Seyhan, Ceyhan, Fırat ve Nil Cennet nehirlerindendir

Seyhan, Ceyhan, Fırat ve Nil Cennet nehirlerindendir

Hadis-i Şerif

Bismillahirrahmanirrahim

Ebû Hüreyre (ra) rivayet ediyor. Resulullah (asm) şöyle buyurdular:

Seyhan, Ceyhan, Fırat ve Nil Cennet nehirlerindendir.

***

Hadis-i Şerifte, sayılan dört nehrin Cennetten geldiğine dikkat çekilmektedir. Bu hadis, Müslim, Müsned ve çeşitli hadis kitaplarında yer alır. Başka rivayetlerde üç nehir, beş nehir ifâdeleri de vardır.

Bunların hepsi de büyük nehirlerdir. Çıktıkları yer olan dağlar, onların hakikî menbaları olamaz. Bu meselede Bediüzzaman şöyle güzel bir izah yapar:

"Şöyle azîm ırmakların elbette mümkün değil; şu dağlar hakikî menbaları olsun. Çünkü o dağlar faraza tamamen su kesilse ve mahrutî [konik] birer havuz olsalar, o büyük nehirlerin şöyle sür'atli ve kesretli cereyanlarına [akmalarına] muvazeneyi kaybetmeden, birkaç ay ancak dayanabilirler ve o kesretli masarife [çok su sarfiyatına] gâliben bir metre kadar toprakta nüfuz eden yağmur kâfî vâridât olamaz. Demek ki, şu enharın nebeanları [nehirlerin o kaynaklardan çıkmaları] âdî ve tabiî ve tesâdüîi bir iş değildir. Beiki pek harika bir surette Fâtır-ı Zülcelâl, onları sırf hazine-i gaybtan akıttırıyor....

"Madem esbab-ı maddiye, şunların bu derece kesretli nebeânına kabil değildir. Elbette menbaları bir âlem-i gaybdadır ve gizli bir hazine-i rahmetten gelir ki, masarifle varidatın muvazenesi devam eder."

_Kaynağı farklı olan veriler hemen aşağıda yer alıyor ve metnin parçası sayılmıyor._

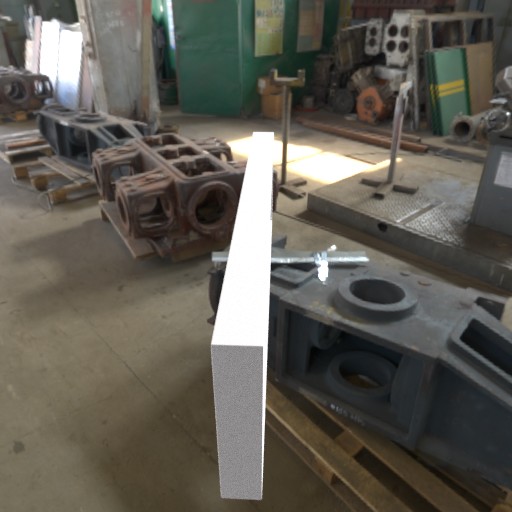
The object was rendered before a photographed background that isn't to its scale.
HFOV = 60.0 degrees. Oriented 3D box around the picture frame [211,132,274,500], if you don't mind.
[{"bbox_3d":[0.000,0.000,0.810,0.050,0.250,0.759,1,31,2],"label":"picture frame"}]
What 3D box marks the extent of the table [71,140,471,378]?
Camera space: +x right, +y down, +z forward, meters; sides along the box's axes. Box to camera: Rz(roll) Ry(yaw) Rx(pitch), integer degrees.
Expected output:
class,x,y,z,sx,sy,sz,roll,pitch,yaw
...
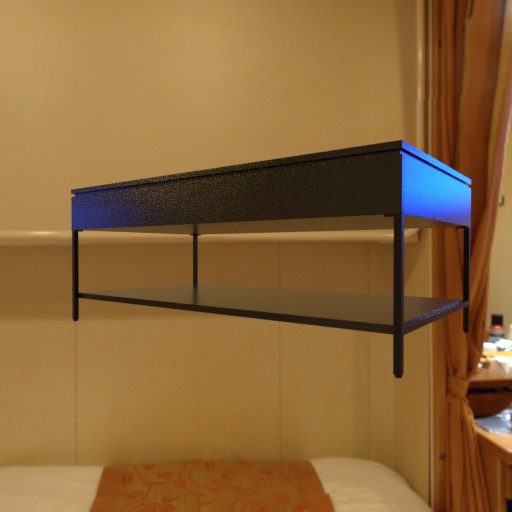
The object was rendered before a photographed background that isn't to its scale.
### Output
class,x,y,z,sx,sy,sz,roll,pitch,yaw
table,0.000,0.000,1.361,1.095,0.435,0.574,1,1,37
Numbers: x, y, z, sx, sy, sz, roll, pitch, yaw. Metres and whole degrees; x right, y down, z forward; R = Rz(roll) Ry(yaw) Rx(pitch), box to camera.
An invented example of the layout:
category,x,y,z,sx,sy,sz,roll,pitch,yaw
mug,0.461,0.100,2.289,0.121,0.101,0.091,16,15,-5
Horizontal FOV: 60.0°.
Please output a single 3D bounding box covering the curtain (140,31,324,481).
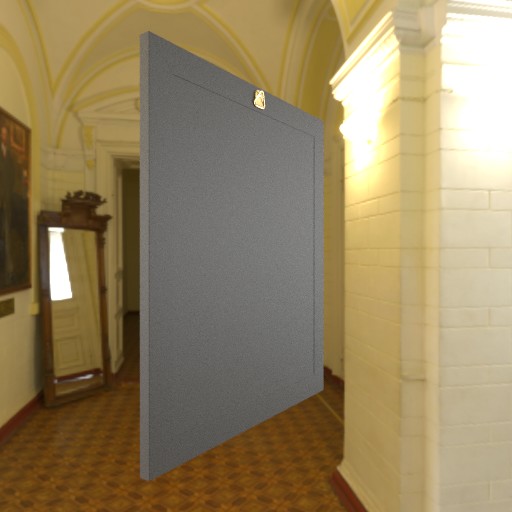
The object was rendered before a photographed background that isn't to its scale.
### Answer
category,x,y,z,sx,sy,sz,roll,pitch,yaw
curtain,0.000,0.000,0.773,0.027,0.585,0.483,0,0,36
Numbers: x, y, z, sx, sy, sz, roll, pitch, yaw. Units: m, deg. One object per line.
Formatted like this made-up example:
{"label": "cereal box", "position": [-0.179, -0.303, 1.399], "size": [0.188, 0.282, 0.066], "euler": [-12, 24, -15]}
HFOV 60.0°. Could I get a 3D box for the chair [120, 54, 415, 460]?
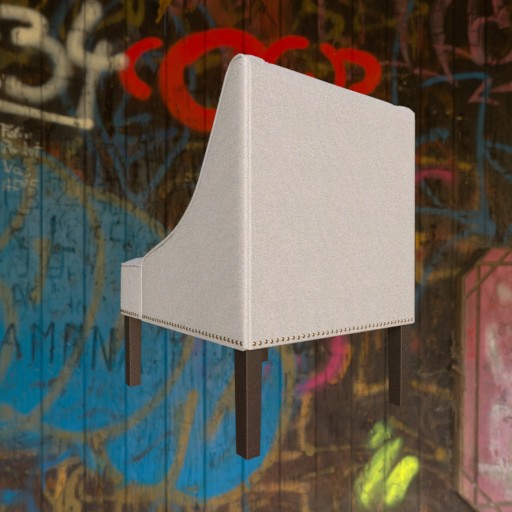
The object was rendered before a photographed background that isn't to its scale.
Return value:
{"label": "chair", "position": [0.000, 0.000, 1.403], "size": [0.631, 0.867, 0.747], "euler": [0, 0, -37]}
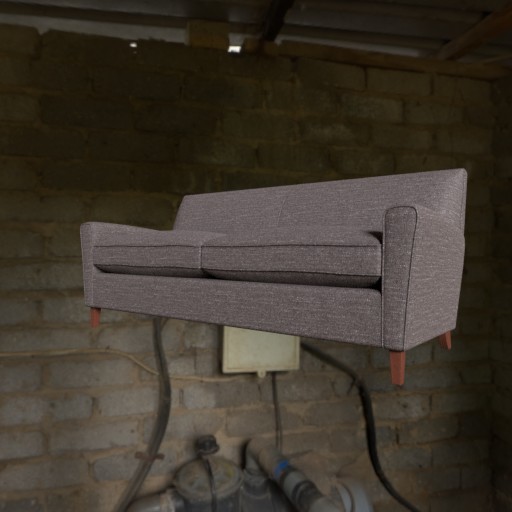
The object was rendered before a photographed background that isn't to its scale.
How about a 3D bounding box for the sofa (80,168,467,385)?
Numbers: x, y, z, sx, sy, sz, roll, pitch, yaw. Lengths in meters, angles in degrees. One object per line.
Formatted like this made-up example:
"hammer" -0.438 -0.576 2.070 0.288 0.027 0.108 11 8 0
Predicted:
"sofa" 0.000 0.000 2.374 1.976 0.846 0.875 1 1 37
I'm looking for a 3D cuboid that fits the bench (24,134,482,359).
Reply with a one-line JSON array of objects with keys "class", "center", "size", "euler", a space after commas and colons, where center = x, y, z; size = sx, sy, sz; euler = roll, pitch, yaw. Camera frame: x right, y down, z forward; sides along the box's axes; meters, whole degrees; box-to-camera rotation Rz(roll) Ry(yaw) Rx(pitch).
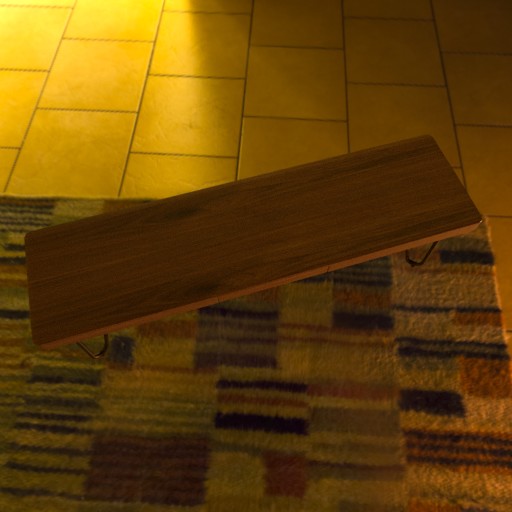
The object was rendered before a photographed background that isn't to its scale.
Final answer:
[{"class": "bench", "center": [0.000, 0.000, 1.764], "size": [1.570, 0.462, 0.425], "euler": [-15, 65, -7]}]
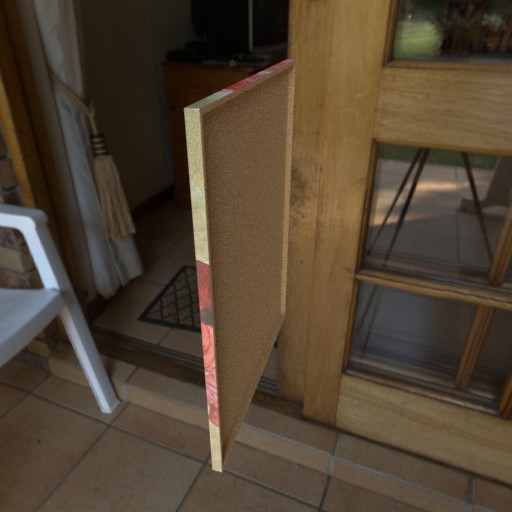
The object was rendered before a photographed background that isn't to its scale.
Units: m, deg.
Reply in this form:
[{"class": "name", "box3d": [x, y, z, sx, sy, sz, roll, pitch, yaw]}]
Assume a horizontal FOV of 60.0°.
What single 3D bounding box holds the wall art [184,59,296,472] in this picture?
[{"class": "wall art", "box3d": [0.000, 0.000, 1.340, 0.031, 1.015, 0.762, 9, 31, 15]}]
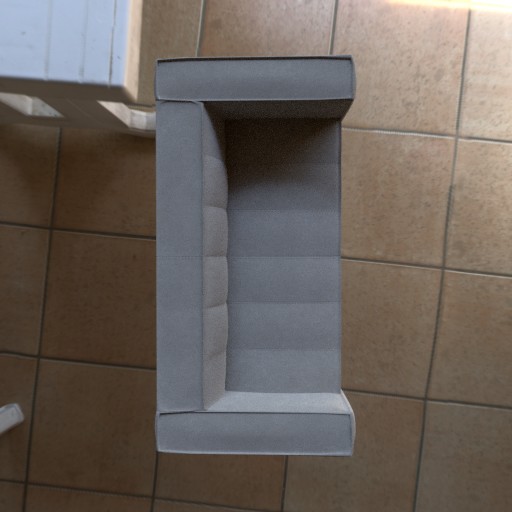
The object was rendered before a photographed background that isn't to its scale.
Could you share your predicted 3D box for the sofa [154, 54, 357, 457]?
[{"bbox_3d":[0.000,0.000,2.505,1.038,0.680,1.995,0,91,1],"label":"sofa"}]
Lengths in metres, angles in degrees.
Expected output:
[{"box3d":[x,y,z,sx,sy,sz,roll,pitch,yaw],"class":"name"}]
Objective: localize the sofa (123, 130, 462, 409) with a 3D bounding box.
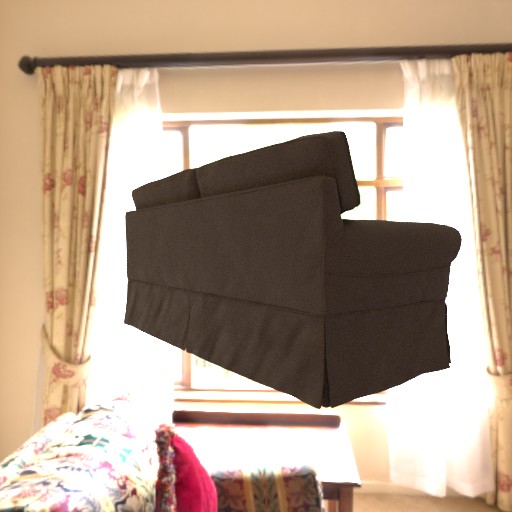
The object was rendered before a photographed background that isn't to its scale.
[{"box3d":[0.000,0.000,2.790,0.983,1.094,2.256,-1,2,-35],"class":"sofa"}]
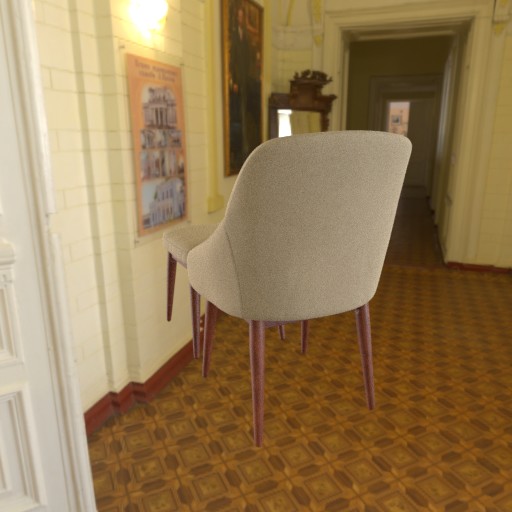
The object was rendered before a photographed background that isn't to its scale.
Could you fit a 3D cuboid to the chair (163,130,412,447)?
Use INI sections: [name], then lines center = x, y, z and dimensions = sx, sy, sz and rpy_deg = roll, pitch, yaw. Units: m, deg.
[chair]
center = 0.000, 0.000, 1.613
dimensions = 0.584, 0.866, 1.114
rpy_deg = -7, 17, -25
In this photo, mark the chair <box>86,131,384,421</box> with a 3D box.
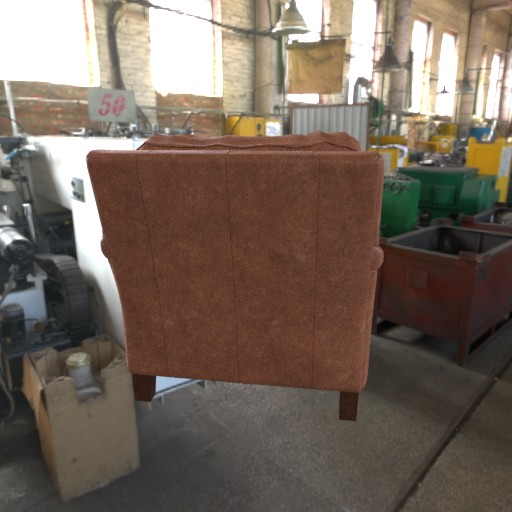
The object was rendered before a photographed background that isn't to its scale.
[{"bbox_3d":[0.000,0.000,1.943,0.986,1.055,1.158,2,16,8],"label":"chair"}]
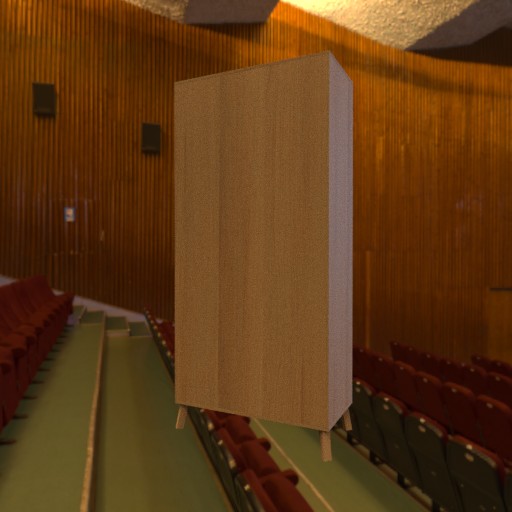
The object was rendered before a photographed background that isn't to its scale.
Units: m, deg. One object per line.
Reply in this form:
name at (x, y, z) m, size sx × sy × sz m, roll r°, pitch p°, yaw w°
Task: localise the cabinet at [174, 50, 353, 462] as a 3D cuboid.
cabinet at (0.000, 0.000, 2.660) m, size 0.969 × 1.957 × 1.272 m, roll 0°, pitch 1°, yaw -19°
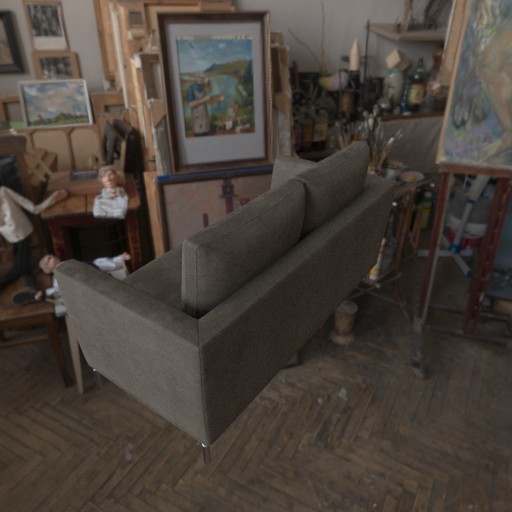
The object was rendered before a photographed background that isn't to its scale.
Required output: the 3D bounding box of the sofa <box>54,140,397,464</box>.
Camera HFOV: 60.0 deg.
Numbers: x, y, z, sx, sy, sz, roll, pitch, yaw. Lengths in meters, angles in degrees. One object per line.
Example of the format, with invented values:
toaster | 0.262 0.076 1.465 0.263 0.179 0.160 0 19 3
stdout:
sofa | 0.000 0.000 2.430 0.855 1.013 1.832 21 37 30
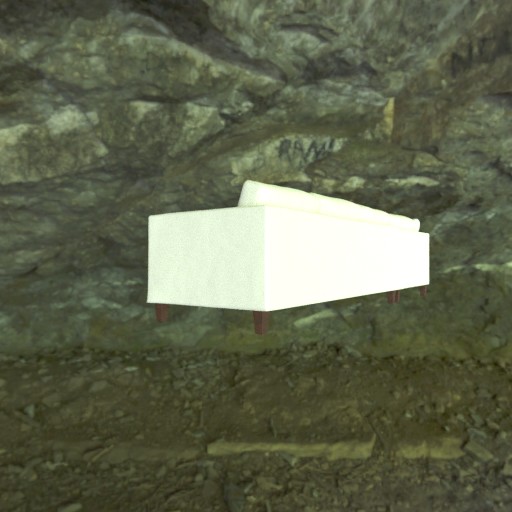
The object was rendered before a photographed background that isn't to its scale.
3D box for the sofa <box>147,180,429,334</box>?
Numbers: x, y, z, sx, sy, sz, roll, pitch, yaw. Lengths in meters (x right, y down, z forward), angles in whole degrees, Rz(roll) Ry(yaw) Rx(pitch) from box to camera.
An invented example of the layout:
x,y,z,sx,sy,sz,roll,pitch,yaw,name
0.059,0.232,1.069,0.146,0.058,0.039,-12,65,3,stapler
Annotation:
x,y,z,sx,sy,sz,roll,pitch,yaw,name
0.000,0.000,4.279,2.432,0.863,3.182,0,-1,36,sofa
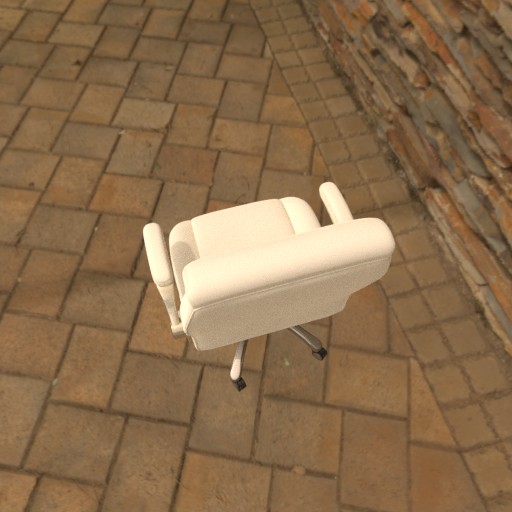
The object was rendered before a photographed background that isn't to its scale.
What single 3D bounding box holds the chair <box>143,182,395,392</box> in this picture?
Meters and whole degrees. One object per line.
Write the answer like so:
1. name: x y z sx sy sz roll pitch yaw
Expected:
1. chair: 0.000 0.000 1.634 0.740 1.110 0.794 -17 60 -10
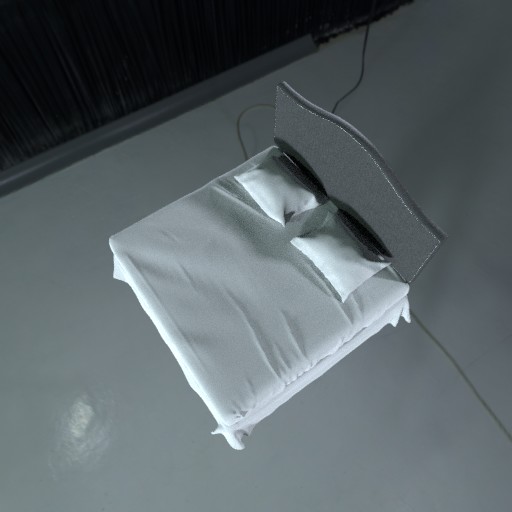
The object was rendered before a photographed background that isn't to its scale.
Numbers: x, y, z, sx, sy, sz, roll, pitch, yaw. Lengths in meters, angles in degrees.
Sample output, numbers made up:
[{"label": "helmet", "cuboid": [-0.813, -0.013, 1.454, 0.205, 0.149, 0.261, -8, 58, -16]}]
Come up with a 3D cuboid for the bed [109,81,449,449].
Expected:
[{"label": "bed", "cuboid": [0.000, 0.000, 3.833, 2.219, 1.651, 2.314, -33, 67, -16]}]
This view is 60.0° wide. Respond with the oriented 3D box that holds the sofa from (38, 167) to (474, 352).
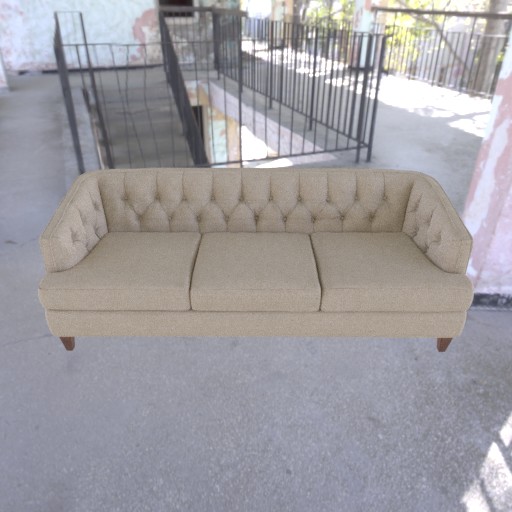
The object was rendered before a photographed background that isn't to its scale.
[{"bbox_3d":[0.000,0.000,2.629,2.235,0.788,0.913,0,31,0],"label":"sofa"}]
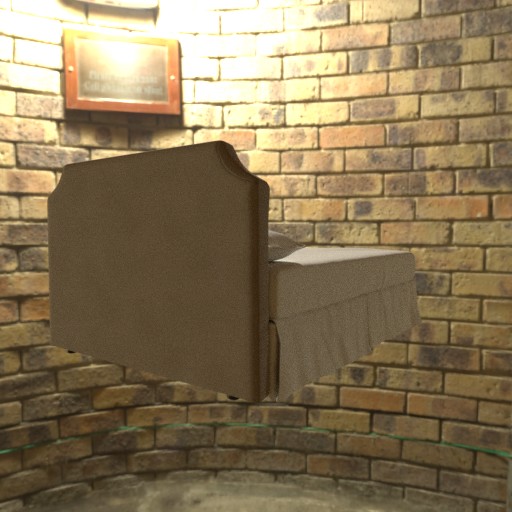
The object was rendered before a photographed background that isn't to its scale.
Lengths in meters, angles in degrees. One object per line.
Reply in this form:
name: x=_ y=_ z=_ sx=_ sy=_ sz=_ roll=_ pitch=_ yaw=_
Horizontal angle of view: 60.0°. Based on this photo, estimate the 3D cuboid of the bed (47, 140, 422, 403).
bed: x=0.000 y=0.000 z=3.575 sx=1.977 sy=1.293 sz=2.498 roll=2 pitch=4 yaw=36
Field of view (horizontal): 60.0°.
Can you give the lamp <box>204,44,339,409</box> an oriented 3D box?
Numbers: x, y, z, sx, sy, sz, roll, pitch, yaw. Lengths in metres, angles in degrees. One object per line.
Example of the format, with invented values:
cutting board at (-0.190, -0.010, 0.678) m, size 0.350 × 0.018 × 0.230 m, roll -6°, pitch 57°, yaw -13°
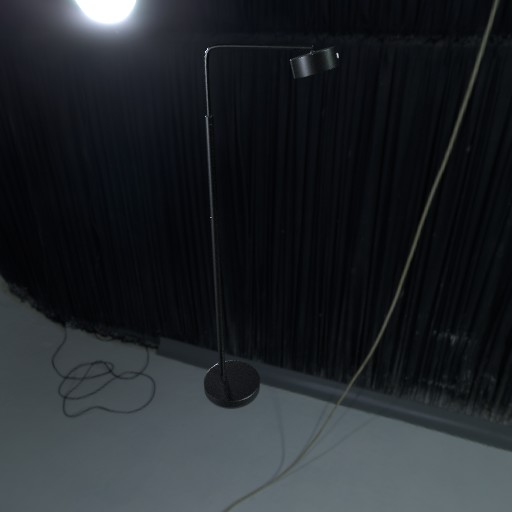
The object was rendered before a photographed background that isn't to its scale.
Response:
lamp at (0.000, 0.000, 1.425) m, size 0.418 × 1.230 × 0.219 m, roll 9°, pitch 31°, yaw 15°
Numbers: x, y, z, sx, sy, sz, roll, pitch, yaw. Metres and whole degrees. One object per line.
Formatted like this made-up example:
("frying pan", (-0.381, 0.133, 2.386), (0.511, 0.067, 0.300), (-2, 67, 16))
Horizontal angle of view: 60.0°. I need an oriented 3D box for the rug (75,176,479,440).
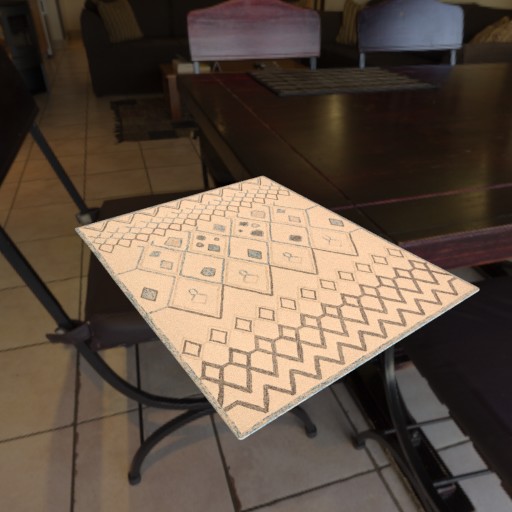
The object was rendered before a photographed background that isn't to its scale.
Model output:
("rug", (0.000, 0.000, 4.162), (2.441, 0.013, 3.056), (-21, 38, -30))
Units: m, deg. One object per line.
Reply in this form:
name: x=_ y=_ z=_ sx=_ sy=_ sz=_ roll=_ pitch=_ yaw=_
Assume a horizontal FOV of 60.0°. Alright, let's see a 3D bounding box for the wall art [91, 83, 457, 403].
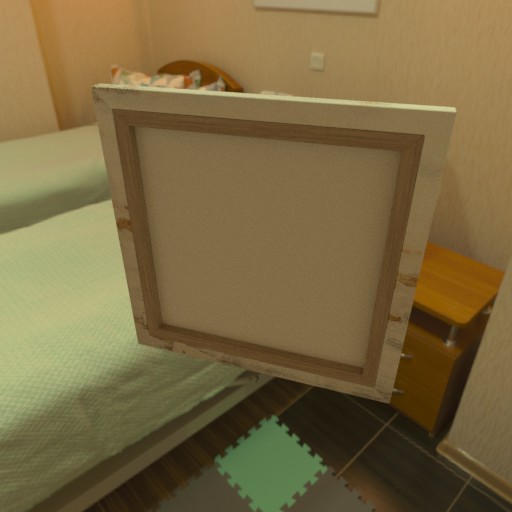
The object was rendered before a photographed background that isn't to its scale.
wall art: x=0.000 y=0.000 z=1.088 sx=0.753 sy=0.755 sz=0.038 roll=10 pitch=33 yaw=15
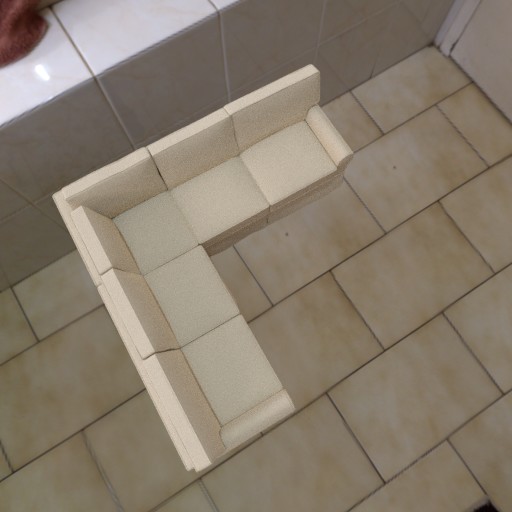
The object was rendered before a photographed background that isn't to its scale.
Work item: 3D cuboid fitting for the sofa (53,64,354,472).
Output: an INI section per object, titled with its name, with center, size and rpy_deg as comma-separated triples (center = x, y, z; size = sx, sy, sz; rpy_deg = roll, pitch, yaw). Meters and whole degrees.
[sofa]
center = 0.000, 0.000, 3.991
size = 2.597, 1.070, 2.591
rpy_deg = -29, 77, -8
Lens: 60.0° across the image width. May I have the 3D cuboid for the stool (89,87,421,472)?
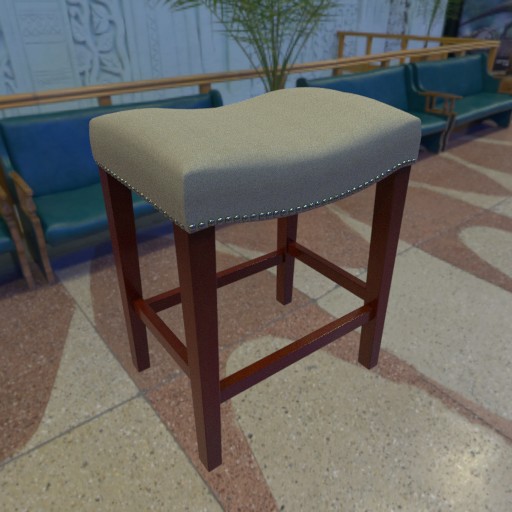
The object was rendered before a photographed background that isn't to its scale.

Bediüzzaman, bu gerçeği Şualar isimli eserinde de şöyle ifâde ediyor:

"Bütün ırmaklar, pınarlar, çaylar, büyük nehirler, bir Rahmân-ı Zülcelâli ve'l-İkramın hazine-i rahmetinden çıkıyorlar ve akıyorlar. Hattâ o kadar fevkalâde iddihar ve sarf ediliyorlar ki, "Dört nehir Cennetten geliyorlar" diye rivâyet edilmiş. Yani, zâhirî esbabın pek fevkinde olduklarından, mânevî bir cennetin hazinesinden ve yalnız gaybî tükenmez bir menbaın feyzinden akıyorlar demektir. Meselâ, Mısır'ın kumistanını bir cennete çeviren Nil-i mübarek, cenup tarafından,

"Cebel-i Kamer" denilen bir dağdan, mütemadiyen küçük bir deniz gibi tükenmeden akıyor. Altı aydaki sarfiyatı dağ şeklinde toplansa ve buzlansa, o dağdan daha büyük olur. Halbuki o dağdan ona ayrılan yer ve mahzen, altı kısımdan bir kısım olmaz. Varidatı ise, o mıntıka-i hârrede pek az gelen ve susamış toprak çabuk yuttuğu için mahzene az giden yağmur, elbette o muvazene-i vâsiayı muhafaza edemediğinden, o Nil-i mübarek âdet-i arziye fevkinde bir gaybî cennetten çıkıyor diye rivayeti gayet manidar ve güzel bir hakikati ifade ediyor."